21:53karolherbst: yeah.. that's the whole idea
21:53Plagman: clvk looks very similar as well, so app-side being dumb seems likely
21:53karolherbst: annoying that zink doesn't work then. I should take a look tomorrow then why zink breaks down
21:54karolherbst: Plagman: what is it using by default? CPU?
21:54Plagman: yeah, seems like
21:55Plagman: if the current compute runtime is any indication, maybe it's be ~90fps on my 6900XT
21:55Plagman: vs. the 40FPS it gets on my monster CPU going wide on all cores
21:55karolherbst: mhh..
21:56karolherbst: I'd hope for a bigger difference tbh
21:57karolherbst: Plagman: how much is the GPU idle when running that stuff?
21:57Plagman: it is a big cpu to be fair
21:57Plagman: it's like 10ms of compute on the gpu then idle, usage doesn't go above 10% in umr
21:58Plagman: that's how i'm theorizing 90fps if it wasn't idling
21:58karolherbst: oof
21:59karolherbst: I wonder if the main CPU thread is just busy all the time?
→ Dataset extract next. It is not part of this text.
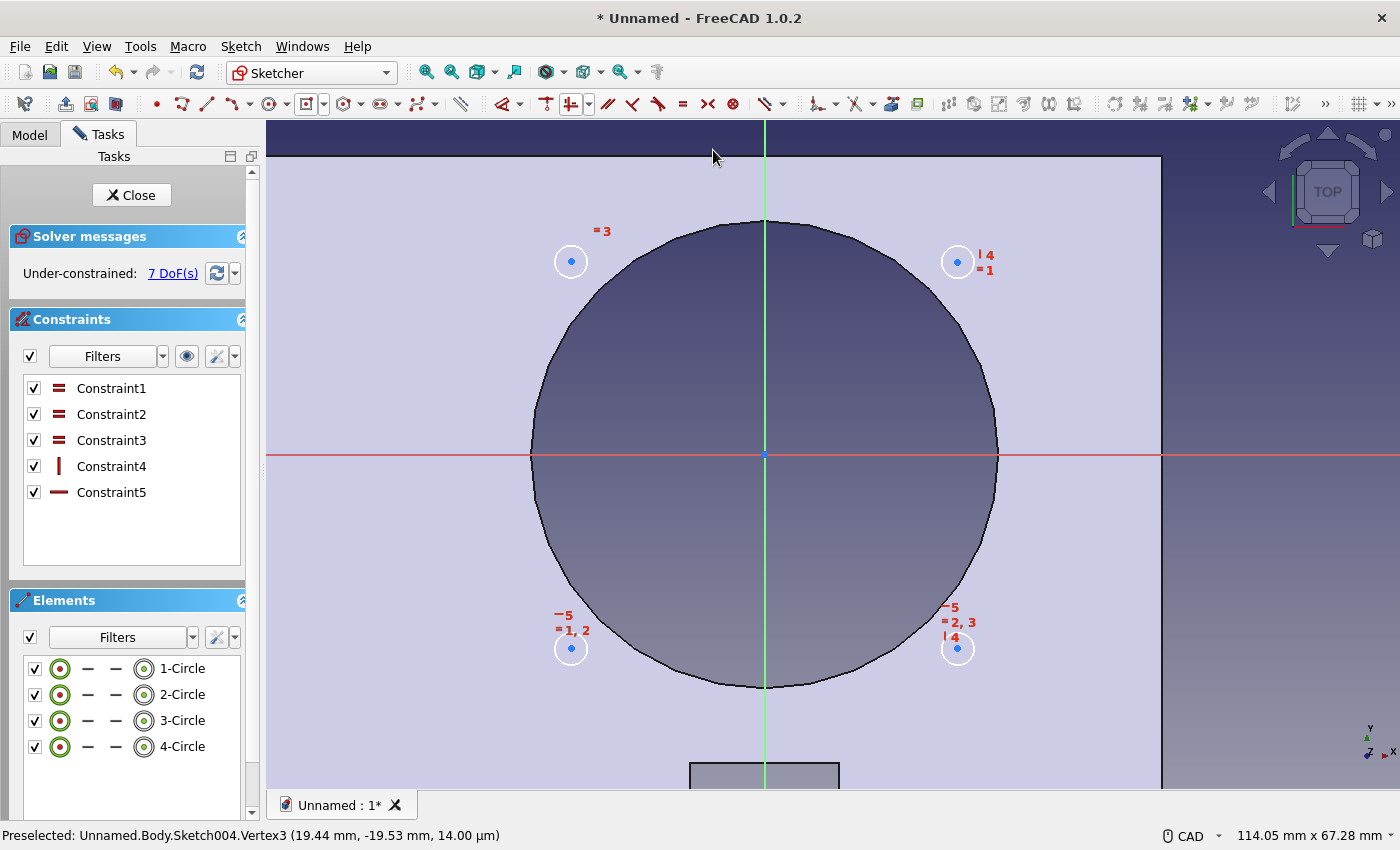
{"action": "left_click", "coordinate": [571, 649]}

22:00karolherbst: but anyway... could also be just terrible offloading
22:00karolherbst: but I do wonder how much CPU time is spend in rusticl vs on whatever the lib is doing
22:00karolherbst: and if I could optimize it a bit
22:00Plagman: it doesn't seem like it, seems like either waiting or very slow memcpys
22:00karolherbst: mmhhh...
22:00karolherbst: what would be the fastest way to copy VRAM to host memory?
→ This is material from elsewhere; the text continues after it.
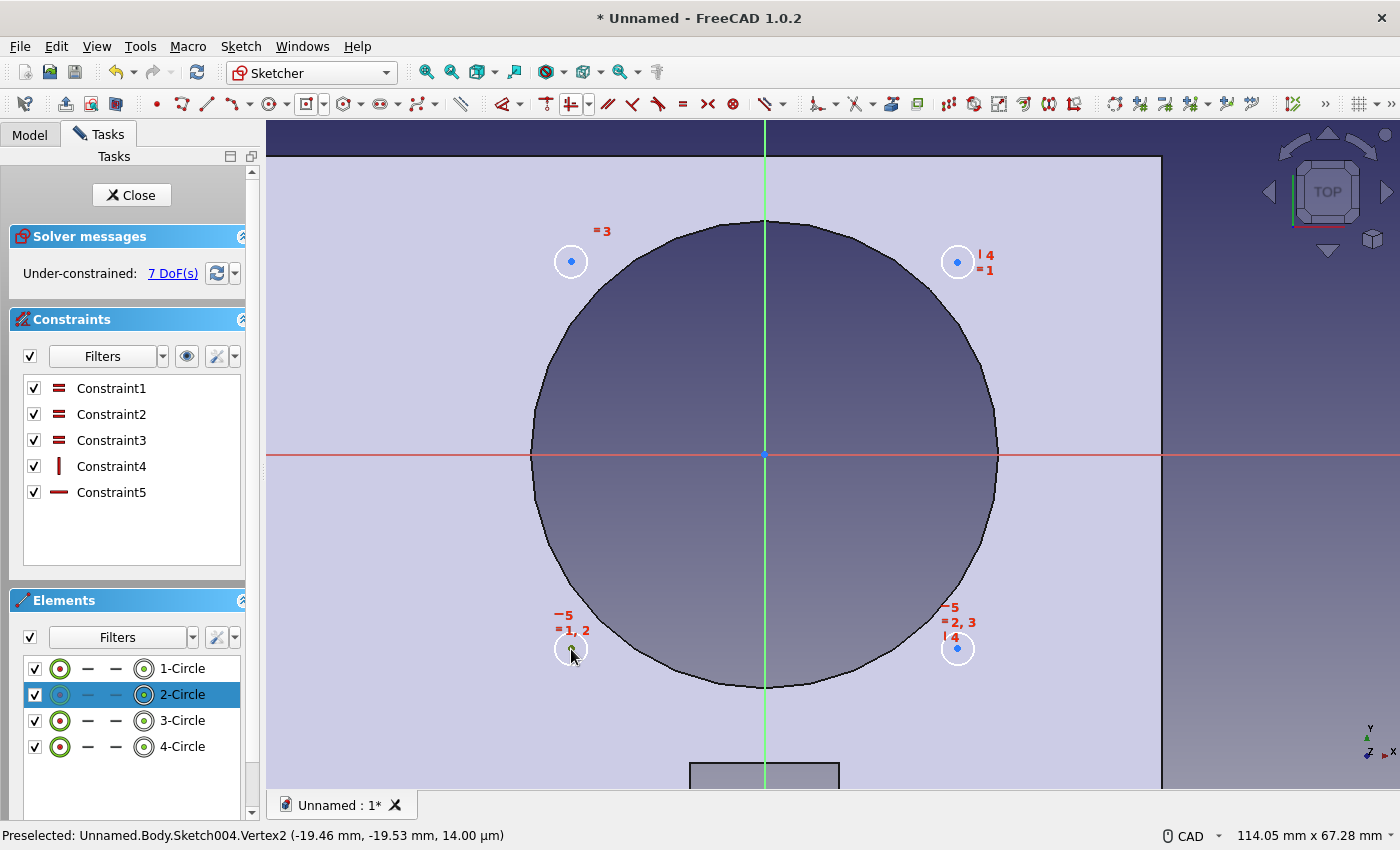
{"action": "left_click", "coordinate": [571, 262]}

22:01karolherbst: maybe I should just optimize that part
22:01karolherbst: maybe there is some magic gallium flag I have to set
22:01Plagman: i know that in vulkan if you map vram without the cache coherent flags you can spend a looong time in memcpy on discrete
22:02karolherbst: mhhh, I see
22:02airlied: should be easily spottable in perf top
22:02Plagman: we were wondering if maybe that's what's happening here - but maybe it's the app deciding the flags and not the driver, not sure
22:02karolherbst: CL doesn't really have any flags like that
22:02karolherbst: but the way CL memory maps work is well... super annoying
22:03karolherbst: I have some very suboptimal paths in that area
22:03karolherbst: but it's mostly a limitation of how the CL API works and what gallium provides
22:04Plagman: perf has a memove in rusticl queue t near the top
22:04karolherbst: what's the callchain?
22:06karolherbst: but it kinda feels something very suboptimal is happening
22:08mareko: Company: it doesn't build any userspace components, but it includes LLVM binaries, I don't think it contains any binaries built from rust
22:08Plagman: https://gist.github.com/Plagman/934273eae0e34a17af8375e2895052e0
22:08Plagman: i can't tell if it's the same one as perf shows or not
22:09Company: makes sense
22:09karolherbst: Plagman: probably not
22:10karolherbst: memmove is kinda very generic, would have to check which of the callers have high CPU usage
22:10karolherbst: that one just points to a constructor basically
22:16Plagman: perf isn't picking up debuginfod symbols so i'm not sure
22:17karolherbst: okay... maybe I'll figure something out then, not sure when I'll find some time for it to dig deeper
23:56DemiMarie: ishitatsuyuki: I hope so too.